Typed and Composable​
Fibers have typed error and success values. A fiber has two type parameters, E
and A
:
-
The
E
corresponds to the error channel. It indicates the error type with which the fiber can fail. -
The
A
corresponds to the success value of the computation. That is the type with which the fiber can succeed.
The fact that fibers are typed allows us to write more type-safe programs. Also, it increases the compositional properties of our programs because we can wait on a fiber to finish and then expect to receive a value of type A
.
Interrupt Safe​
Threads in Java can be terminated via the stop method, but this is not a safe operation. The stop operation has been deprecated. So this is not a safe way to force kill a thread. Instead, we should try to request an interruption of the thread, but in this case, the thread may not respond to our request, and it may just go forever.
Fiber has a safe version of this functionality that works very well. Just like we can interrupt a thread, we can interrupt a fiber too, but interruption of fibers is much more reliable. It will always work, and it probably works very fast. We don't need to wait around, we can just try to interrupt them, and they will be gone very soon.
Structured Concurrency​
With fibers, we can have hundreds of thousands and even millions of fibers that are started and working together. So we can reach a very massive concurrency with fibers. Now how can we manage all these fibers? Some of them are top-level fibers and some others are forked and become children of their parents. How can we manage their scopes, how to keep track of all fibers, and prevent them to leak? What happens to the execution of a child fiber if its parent execution is interrupted? The child fibers should be scoped to their parent fibers. We need a way to manage these scopes automatically. This is where structured concurrency shines.
Important:
It's worth mentioning that in the ZIO model, all code runs on fibers. There is no such thing as code that is executed outside of fibers. When we create a main function in ZIO that returns an effect, then even if we don't explicitly fork a fiber, the effect will be executed on what is called the main fiber. It's a top-level fiber.
It's just like if we have a main function in Java then that main function will execute on the main thread. There is no code in Java that does not execute on a thread. All code executes on a thread even if you didn't create a thread.
ZIO provides structured concurrency. The way ZIO's structured concurrency works is that the child fibers are scoped to their parent fibers which means that when the parent effect finishes execution, then all childs' effects will be automatically interrupted. So when we fork, and we get back a fiber, the fiber's lifetime is bound to the parent fiber that forked it. It is almost impossible to leak fibers because child fibers are guaranteed to complete before their parents.

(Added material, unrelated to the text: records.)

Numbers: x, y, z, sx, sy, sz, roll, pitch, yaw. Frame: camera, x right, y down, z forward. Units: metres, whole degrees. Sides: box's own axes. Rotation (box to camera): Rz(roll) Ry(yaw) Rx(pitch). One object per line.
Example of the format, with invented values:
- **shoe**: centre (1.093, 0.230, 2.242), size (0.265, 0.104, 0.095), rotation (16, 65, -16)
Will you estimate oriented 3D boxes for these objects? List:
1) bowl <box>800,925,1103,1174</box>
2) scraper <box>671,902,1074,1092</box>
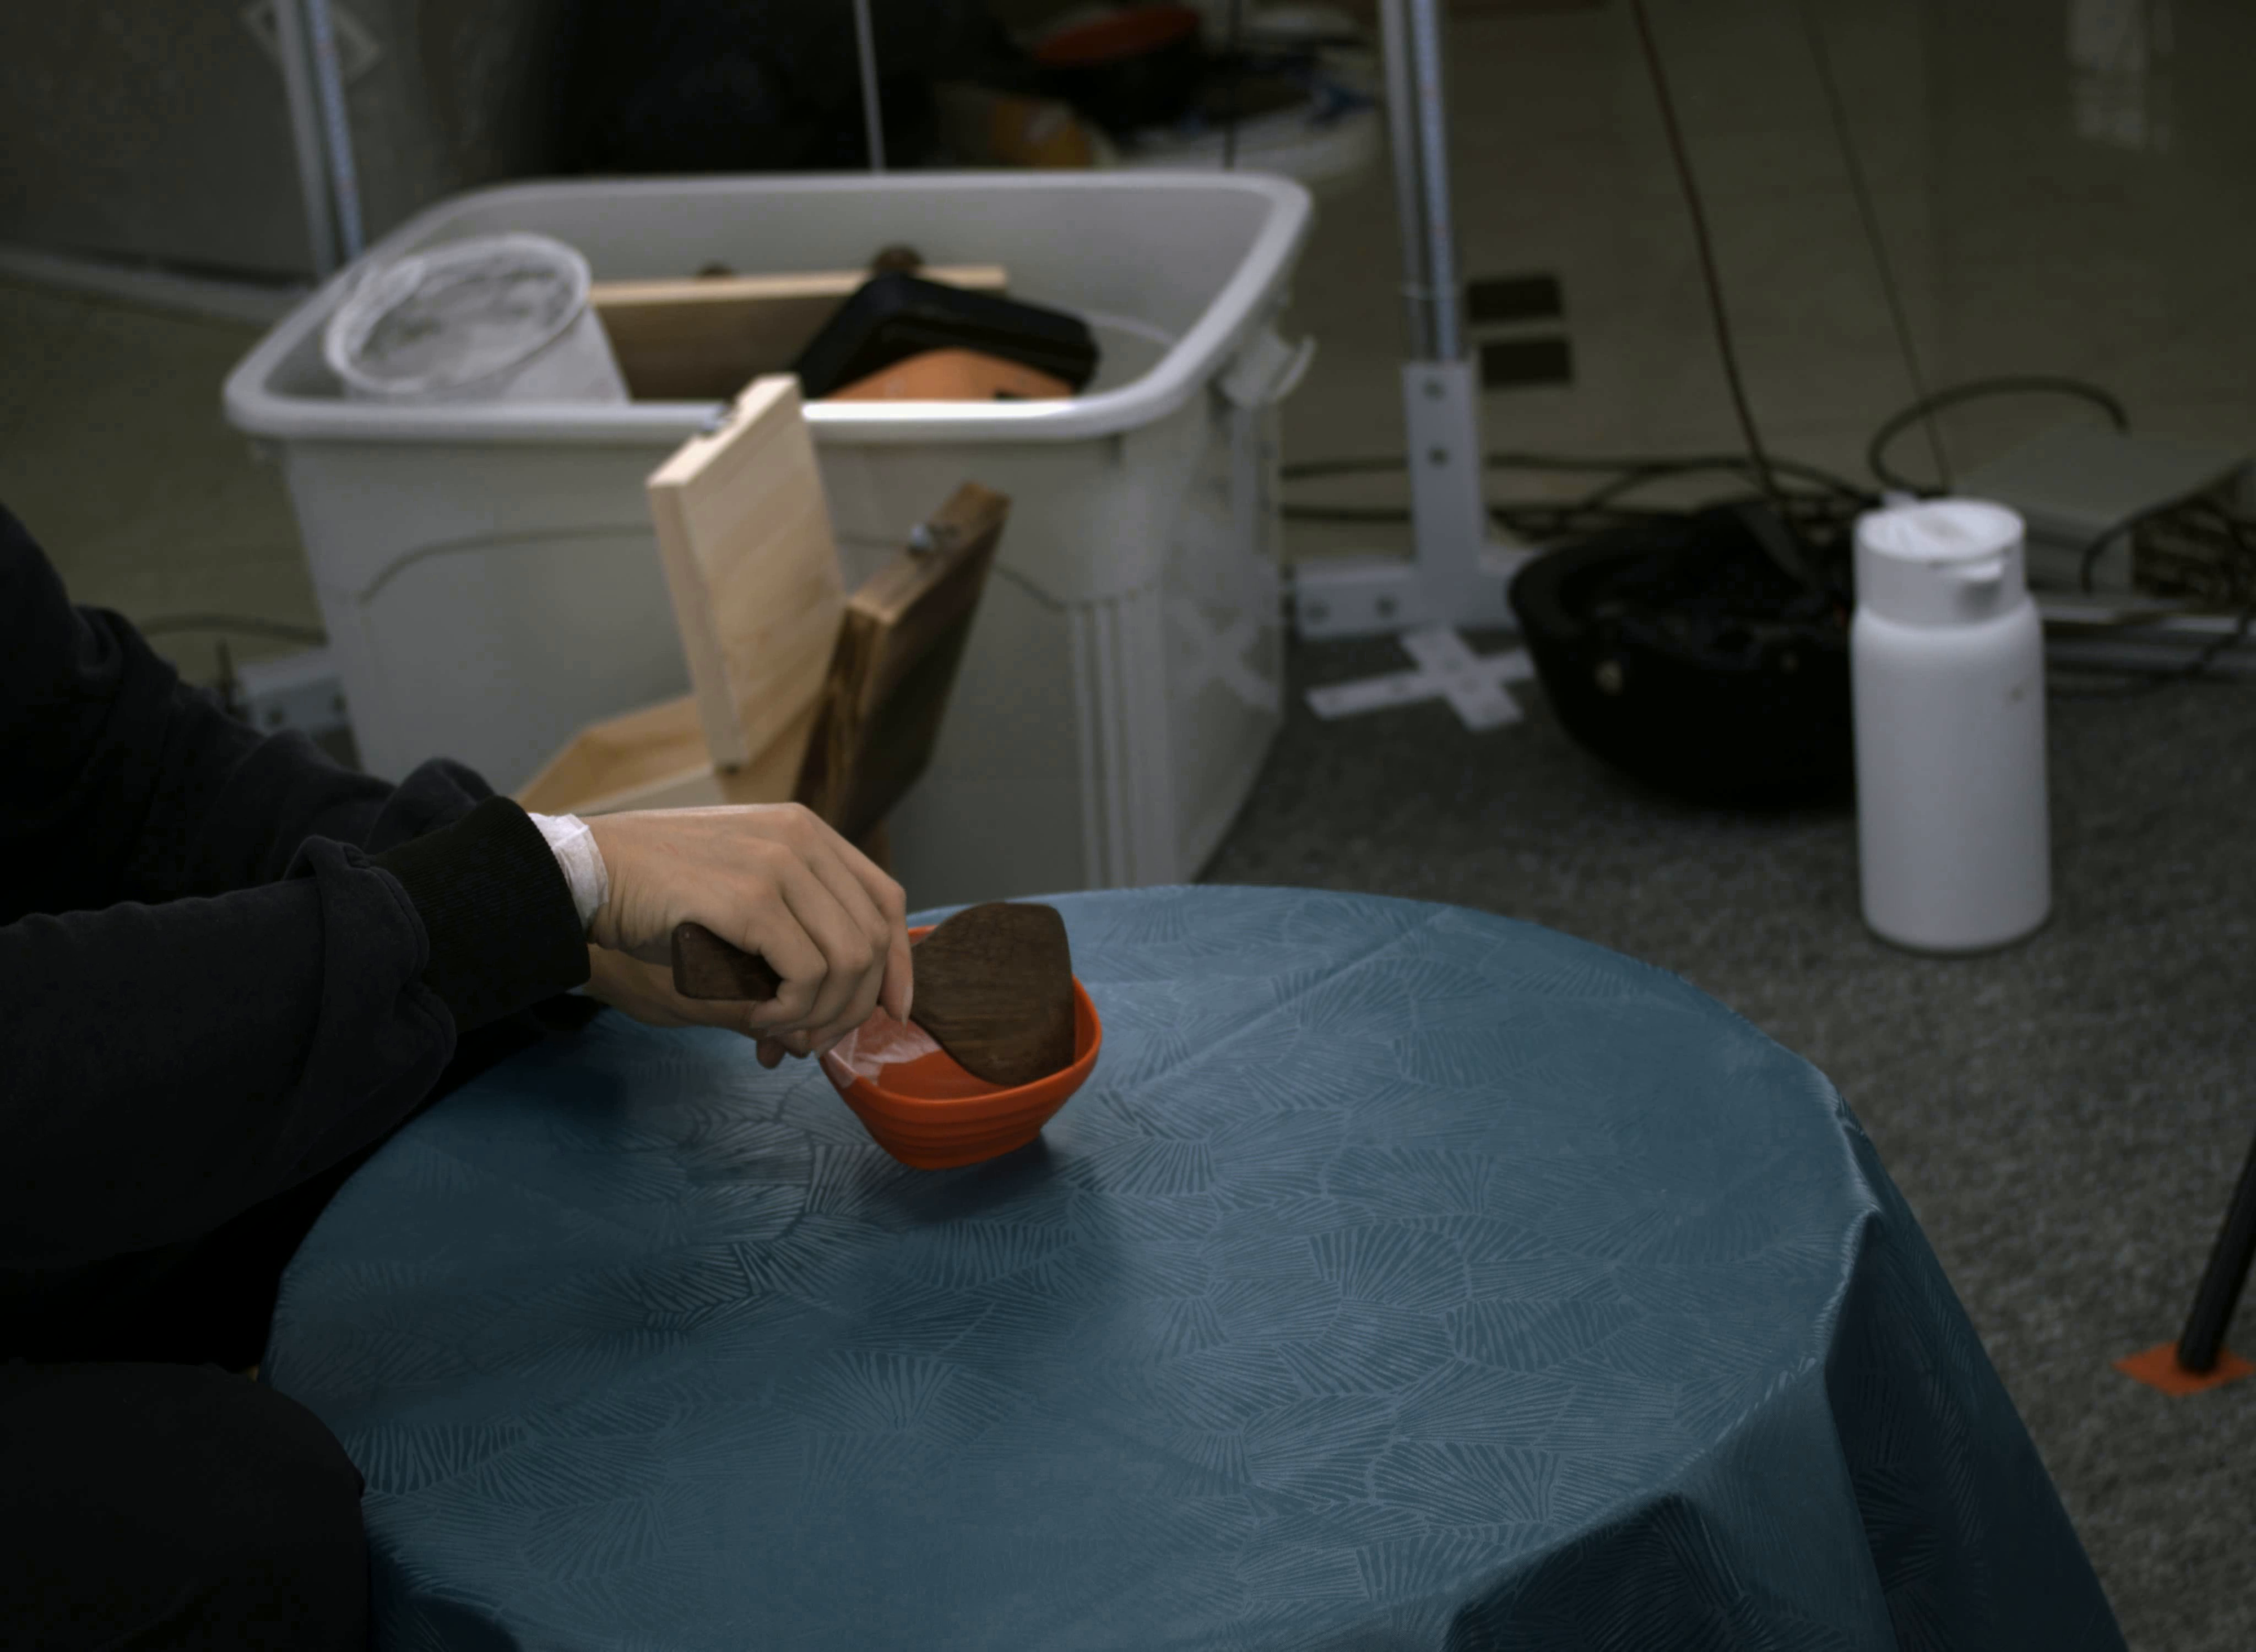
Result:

The structured concurrency gives us a way to reason about fiber lifespans. We can statically reason about the lifetimes of children fibers just by looking at our code. We don't need to insert complicated logic to keep track of all the child fibers and manually shut them down.
Global Lifetime​
Sometimes we want a child fiber to outlive the scope of the parent. What can we do in that case? Well, ZIO offers an operator called forkDaemon
which forks the fiber as a daemon fiber. Daemon fibers can outlive their parents. They can live forever. They run in the background doing their work until they end with failure or success. This gives us a way to spawn background jobs that should just keep on going regardless of what happens to the parent.
Fine-grained Scope​
If we need a very flexible fine-grained control over the lifetime of a fiber there is another operator called forkin
. We can fork a fiber inside a specific scope, and when that scope is closed then the fiber will be terminated.
Fiber Data Types​
ZIO fiber contains a few data types that can help us to solve complex problems:
- Fiber — A fiber value models an
IO
value that has started running, and is the moral equivalent of a green thread. - Fiber.Status —
Fiber.Status
describes the current status of a Fiber. - FiberId —
FiberId
describes the unique identity of a Fiber.